ARE YOU READY TO TEACH?

ARE YOU READY TO TEACH?
(This article originally appeared in the Harp Column as an opinion piece in the Soundingboard forum.)
By Carl Swanson


      Derek Bell, in an interview with the Harp Column last year, made a snide but telling remark about the type of harp instruction that too frequently passes for teaching in the United States. In it he said; “I’m not like the average Californian that spits out three tunes and the next thing you find, he’s harp professor in the town. I couldn’t inflict that bluff on the public.” The quote may overstate the case, (and also unfairly limit the blame to Californians), but there is definitely some truth there.

     The question here is: Are you really, REALLY, ready to teach? Do you have a clear idea of what teaching the harp involves? And do you have standards and systems at your disposal that will serve the student who wants to make real progress in classical repertoire? Let’s define the job.

      Assuming your prospective student is a rank beginner, you will have two separate skills to teach him: 1) How to read music, and 2) How to play the harp.

      The first involves far more than simply being able to read lines and spaces. You will have to teach him to identify chord and rhythmic patterns, and to see and understand everything on the page-dynamic markings, tempo changes, etc. The faster and more accurately your student reads, the faster he will advance on the instrument.

      The second- teaching him to play the harp- has to be subdivided into two areas. These are: 1) teaching technique, and 2) teaching repertoire. These two aspects of harp playing have to be dealt with individually. Without solid technical work, addressed separately from repertoire, your student will struggle with every piece he plays, and his musical expression will be severely limited.

     Do you know what technique is? It has nothing to do with hand or arm position, but is instead the mechanical skill that permits the student to play any note, at any speed, at any volume on the instrument. Do you know how to achieve this goal in a systematic way? And what is your means of doing it? If your method of advancing technique is to give your student harder and harder pieces, the result, I promise, will be that which is described in the previous paragraph.

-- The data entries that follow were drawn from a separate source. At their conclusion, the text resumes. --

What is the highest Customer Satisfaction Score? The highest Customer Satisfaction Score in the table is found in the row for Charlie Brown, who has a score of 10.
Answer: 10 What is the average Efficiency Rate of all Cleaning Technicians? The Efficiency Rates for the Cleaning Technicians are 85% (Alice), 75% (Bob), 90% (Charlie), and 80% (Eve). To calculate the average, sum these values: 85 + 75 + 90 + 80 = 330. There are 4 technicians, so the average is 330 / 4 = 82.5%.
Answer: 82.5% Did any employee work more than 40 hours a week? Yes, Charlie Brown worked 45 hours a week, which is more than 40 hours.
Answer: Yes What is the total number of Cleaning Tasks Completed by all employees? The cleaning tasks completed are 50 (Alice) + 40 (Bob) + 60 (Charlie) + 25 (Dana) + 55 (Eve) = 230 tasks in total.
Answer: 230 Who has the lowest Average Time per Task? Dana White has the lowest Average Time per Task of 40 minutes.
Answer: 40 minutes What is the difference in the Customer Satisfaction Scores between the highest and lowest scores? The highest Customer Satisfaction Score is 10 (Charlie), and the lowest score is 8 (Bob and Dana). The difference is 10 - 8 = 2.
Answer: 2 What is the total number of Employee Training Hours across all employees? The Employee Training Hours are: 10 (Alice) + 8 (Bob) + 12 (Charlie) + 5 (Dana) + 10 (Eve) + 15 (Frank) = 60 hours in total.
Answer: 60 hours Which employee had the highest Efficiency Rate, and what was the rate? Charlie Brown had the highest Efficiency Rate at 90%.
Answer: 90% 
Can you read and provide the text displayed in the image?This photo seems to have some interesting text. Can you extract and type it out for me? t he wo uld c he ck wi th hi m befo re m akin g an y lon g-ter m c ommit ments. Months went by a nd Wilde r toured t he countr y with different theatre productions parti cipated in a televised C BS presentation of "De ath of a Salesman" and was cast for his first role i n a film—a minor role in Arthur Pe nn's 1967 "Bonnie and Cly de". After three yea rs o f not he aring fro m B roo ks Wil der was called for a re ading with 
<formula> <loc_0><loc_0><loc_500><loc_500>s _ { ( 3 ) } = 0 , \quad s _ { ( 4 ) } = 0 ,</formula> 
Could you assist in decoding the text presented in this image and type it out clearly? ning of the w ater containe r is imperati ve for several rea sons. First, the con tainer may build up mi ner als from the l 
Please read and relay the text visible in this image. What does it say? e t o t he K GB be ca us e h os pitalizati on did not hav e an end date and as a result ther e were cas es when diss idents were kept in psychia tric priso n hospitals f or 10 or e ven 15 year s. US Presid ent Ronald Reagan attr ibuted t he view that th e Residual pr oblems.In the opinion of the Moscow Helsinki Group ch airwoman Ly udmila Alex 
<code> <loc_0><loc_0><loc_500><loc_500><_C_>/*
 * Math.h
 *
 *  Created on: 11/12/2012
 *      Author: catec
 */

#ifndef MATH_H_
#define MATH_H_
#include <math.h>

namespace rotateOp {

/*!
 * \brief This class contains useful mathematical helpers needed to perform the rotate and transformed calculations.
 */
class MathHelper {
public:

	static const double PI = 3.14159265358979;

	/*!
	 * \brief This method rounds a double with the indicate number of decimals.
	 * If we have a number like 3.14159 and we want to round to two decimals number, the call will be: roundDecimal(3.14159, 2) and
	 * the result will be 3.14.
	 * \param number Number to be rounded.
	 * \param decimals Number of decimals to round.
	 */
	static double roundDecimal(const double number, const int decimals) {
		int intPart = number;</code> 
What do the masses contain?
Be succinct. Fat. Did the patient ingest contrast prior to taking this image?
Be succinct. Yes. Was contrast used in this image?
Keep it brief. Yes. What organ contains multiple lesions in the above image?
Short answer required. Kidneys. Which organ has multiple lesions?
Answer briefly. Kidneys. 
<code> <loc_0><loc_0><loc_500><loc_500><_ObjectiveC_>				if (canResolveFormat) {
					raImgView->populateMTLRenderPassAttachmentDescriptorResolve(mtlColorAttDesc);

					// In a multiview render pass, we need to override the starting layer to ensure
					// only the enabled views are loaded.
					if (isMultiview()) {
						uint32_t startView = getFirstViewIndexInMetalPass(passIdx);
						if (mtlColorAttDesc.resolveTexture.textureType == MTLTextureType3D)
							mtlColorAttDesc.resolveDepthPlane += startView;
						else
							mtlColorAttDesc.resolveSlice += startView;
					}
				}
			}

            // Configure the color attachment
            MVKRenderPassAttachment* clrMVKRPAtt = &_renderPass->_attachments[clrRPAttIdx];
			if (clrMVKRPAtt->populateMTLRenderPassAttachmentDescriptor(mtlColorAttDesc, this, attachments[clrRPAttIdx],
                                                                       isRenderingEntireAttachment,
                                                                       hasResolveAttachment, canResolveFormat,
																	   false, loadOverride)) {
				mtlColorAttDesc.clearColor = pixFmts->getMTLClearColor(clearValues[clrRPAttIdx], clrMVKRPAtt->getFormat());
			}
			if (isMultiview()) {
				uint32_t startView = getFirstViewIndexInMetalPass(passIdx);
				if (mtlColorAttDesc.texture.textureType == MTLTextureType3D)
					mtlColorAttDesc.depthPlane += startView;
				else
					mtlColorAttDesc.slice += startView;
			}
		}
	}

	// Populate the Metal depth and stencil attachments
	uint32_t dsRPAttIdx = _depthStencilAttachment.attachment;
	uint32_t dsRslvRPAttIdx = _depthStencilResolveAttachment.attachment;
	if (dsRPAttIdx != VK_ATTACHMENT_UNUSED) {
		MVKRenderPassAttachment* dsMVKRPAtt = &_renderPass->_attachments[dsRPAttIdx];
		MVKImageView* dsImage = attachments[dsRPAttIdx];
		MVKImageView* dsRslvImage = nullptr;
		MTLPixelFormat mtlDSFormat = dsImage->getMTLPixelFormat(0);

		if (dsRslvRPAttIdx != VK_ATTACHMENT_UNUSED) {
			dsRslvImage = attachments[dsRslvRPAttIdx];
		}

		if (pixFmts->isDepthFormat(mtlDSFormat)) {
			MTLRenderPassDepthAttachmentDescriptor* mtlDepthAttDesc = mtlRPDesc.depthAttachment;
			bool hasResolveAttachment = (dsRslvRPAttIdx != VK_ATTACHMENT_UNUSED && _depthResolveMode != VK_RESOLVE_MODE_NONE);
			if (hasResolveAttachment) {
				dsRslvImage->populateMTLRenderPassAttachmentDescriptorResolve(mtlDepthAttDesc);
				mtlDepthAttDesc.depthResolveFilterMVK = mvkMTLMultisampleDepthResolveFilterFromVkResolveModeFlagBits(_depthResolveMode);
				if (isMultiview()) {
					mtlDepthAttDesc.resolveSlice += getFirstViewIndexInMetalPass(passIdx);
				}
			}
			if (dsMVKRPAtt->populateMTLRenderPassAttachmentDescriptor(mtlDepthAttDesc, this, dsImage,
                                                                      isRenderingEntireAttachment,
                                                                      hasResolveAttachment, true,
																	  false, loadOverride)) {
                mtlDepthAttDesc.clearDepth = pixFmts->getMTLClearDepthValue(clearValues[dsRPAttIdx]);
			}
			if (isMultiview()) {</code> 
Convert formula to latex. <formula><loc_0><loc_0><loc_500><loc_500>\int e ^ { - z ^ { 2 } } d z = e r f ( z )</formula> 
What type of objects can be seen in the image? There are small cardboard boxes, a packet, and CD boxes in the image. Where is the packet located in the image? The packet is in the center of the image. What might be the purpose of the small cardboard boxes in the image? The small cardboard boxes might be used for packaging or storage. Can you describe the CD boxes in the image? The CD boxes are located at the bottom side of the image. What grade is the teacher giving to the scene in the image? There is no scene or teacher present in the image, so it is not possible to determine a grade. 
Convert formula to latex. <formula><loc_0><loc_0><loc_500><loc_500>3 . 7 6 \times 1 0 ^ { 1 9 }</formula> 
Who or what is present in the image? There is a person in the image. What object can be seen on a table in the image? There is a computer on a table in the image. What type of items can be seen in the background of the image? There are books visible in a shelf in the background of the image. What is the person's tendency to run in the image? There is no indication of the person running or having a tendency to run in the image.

      The greatest harpists of this century- Renie, Grandjany, Laskine, Jamet, Zabelata, Tournier, Salzedo-all were trained under a system that made rigorous use of études and exercises. If you don’t understand the value of these important tools in advancing technique, and don’t know, as a teacher, how to use them, you shouldn’t be teaching serious students.

      Your student will have to be taught a wide variety of practice techniques if he is to advance. If your answer to every problem is to practice loud and slow for example, then your student is in big trouble. Practicing loud and slow will teach one thing, and one thing only, and that is; how to play loud and slow. If your student is having trouble learning a piece, and your advice is that it just needs more work, then one or more of the following is true: your student is not practicing enough or is practicing incorrectly, the piece is too difficult, or you have failed to teach the student how to learn the piece; the last two reasons indicating that you, the teacher, have screwed up.

      You should be the one to set the standards for lesson preparation, not your student. You should assign specific pages to be learned for the following lesson, and those pages, one week later, should be memorized. You obviously will have to teach your student how to do this.

      You should have specific expectations of a finished piece. Are you more impressed with your student’s effort than with the quality of the finished piece? If your attitude is “Well, next year he’ll play it that much better,”- then again, you have failed your student by assigning something that is too difficult or by not teaching him how to learn it. A serious student should be able to learn and memorize a minimum of two pages of music a week, and when the piece is finished(a 12 page piece for example, ÷ 2 pages a week = 6 weeks), the piece should be ready to record.

      You should be knowledgeable about different styles and composers. A repertoire that consists primarily of one composer is severely limiting.

      Lastly, you should encourage your student to listen to other harpists, including harpists from some other methodology than your own. You should encourage him to attend harp meetings, concerts, conferences, masterclasses, and competitions, just to hear what other people are doing.

      You may feel that the standards listed in this article are too difficult for most of your students, and you are right. But if you are able to teach at this level for the student who wants it, you can always back off for the others. However, if your only and best standard is geared to that lower level, as it frequently is today, then it is impossible to teach a higher standard for the student who needs it. Unfortunately, many teachers are using a lower standard exclusively, even at the college level.
Whatever level you teach, you are teaching the student’s brain, not his fingers!